When we started skiing Switzerland together, in 1996, a couple hotels in each town had a sauna. Within a short time, Spa Wars had broken out across the Alps, as hotel after hotel built ever more lavish facilities with swimming pools, whirlpools, two kinds of sauna, steam baths, Turkish baths, aroma-therapy baths, heated-tile lounge benches, light therapy and those stones in cold water you're supposed to walk on to make your feet feel better. And then there are massages, and enough body wraps to make you feel like Godzilla's taco. Even the smallest hotels now have at least a sauna.

What gets many Americans concerned is that the Swiss are rather casual about nudity and very practical: why build two identical saunas when everyone can share? It took us aback at first, but once you get used to it, you see they are right. Yes, your [fill in worst part of anatomy here] isn't body-double quality, but no one cares. And if you travel as a couple, the last thing you want at the end of the day is to go for a fabulous spa experience while separated from your sweetie and in the company of sweaty same-sex strangers. In Switzerland, you get to go splish-splash together, and that's just fine with us.

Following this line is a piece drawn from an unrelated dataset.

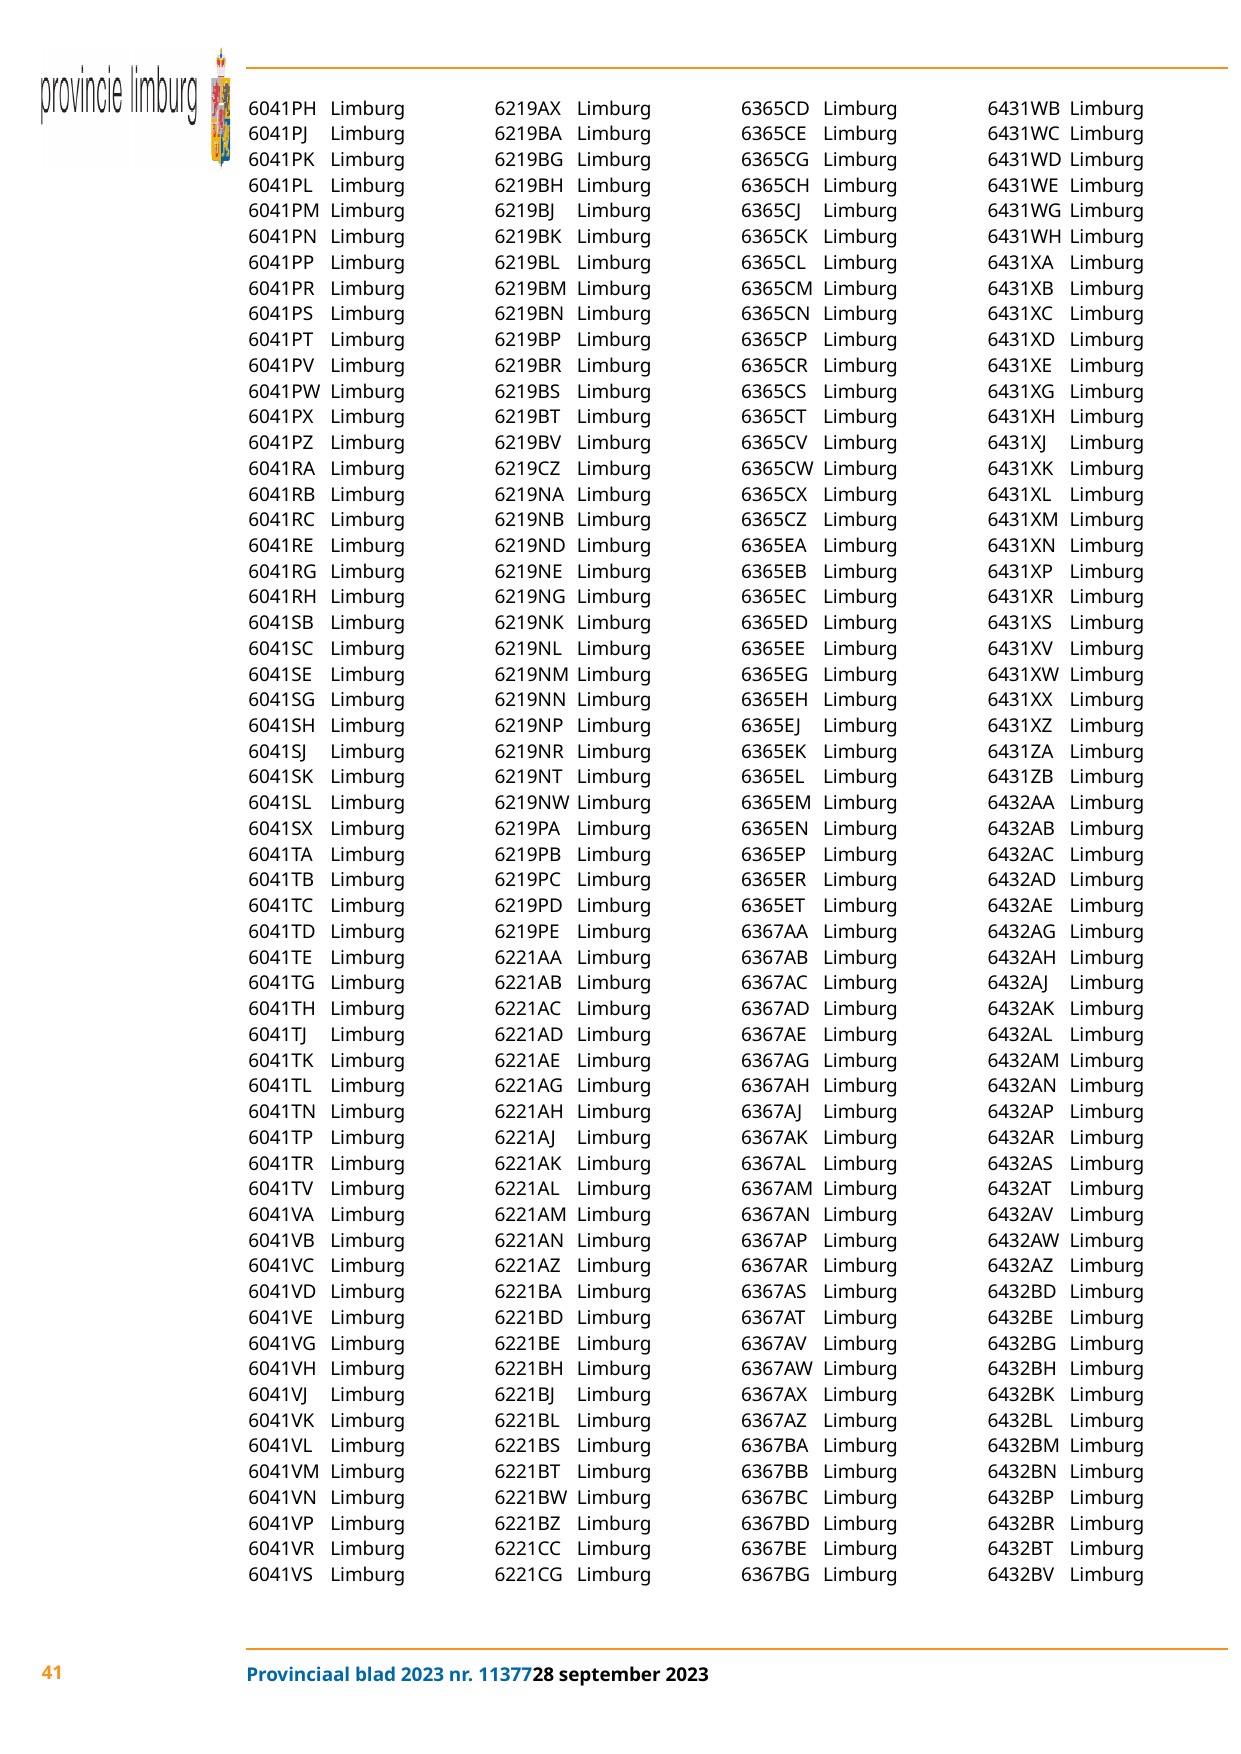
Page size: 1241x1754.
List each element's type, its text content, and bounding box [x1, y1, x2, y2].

One-half because it is a small thing that applies mainly to foreigners but is becoming more Swiss: that is, please speak English. The official languages of Switzerland are German, French, Italian and a mountain rarity called Romansch. The German is spoken in indigenous dialects barely comprehensible to a German-speaking German, and even Swiss Germans are giving up on learning French in favor of English (much to the amusement of the Brits, who've hardly bothered with French since Henry V won at Agincourt). Much of the help at hotels and restaurants is imported from Italy and Portugal, so do yourself and everyone around you a favor: speak English.

There you have it -- easy when you give it a little practice. Now get out there and make your nation proud of you. And remember: somewhere, on one of those slopes, sometime this year, we'll be out there too, watching how you're getting along.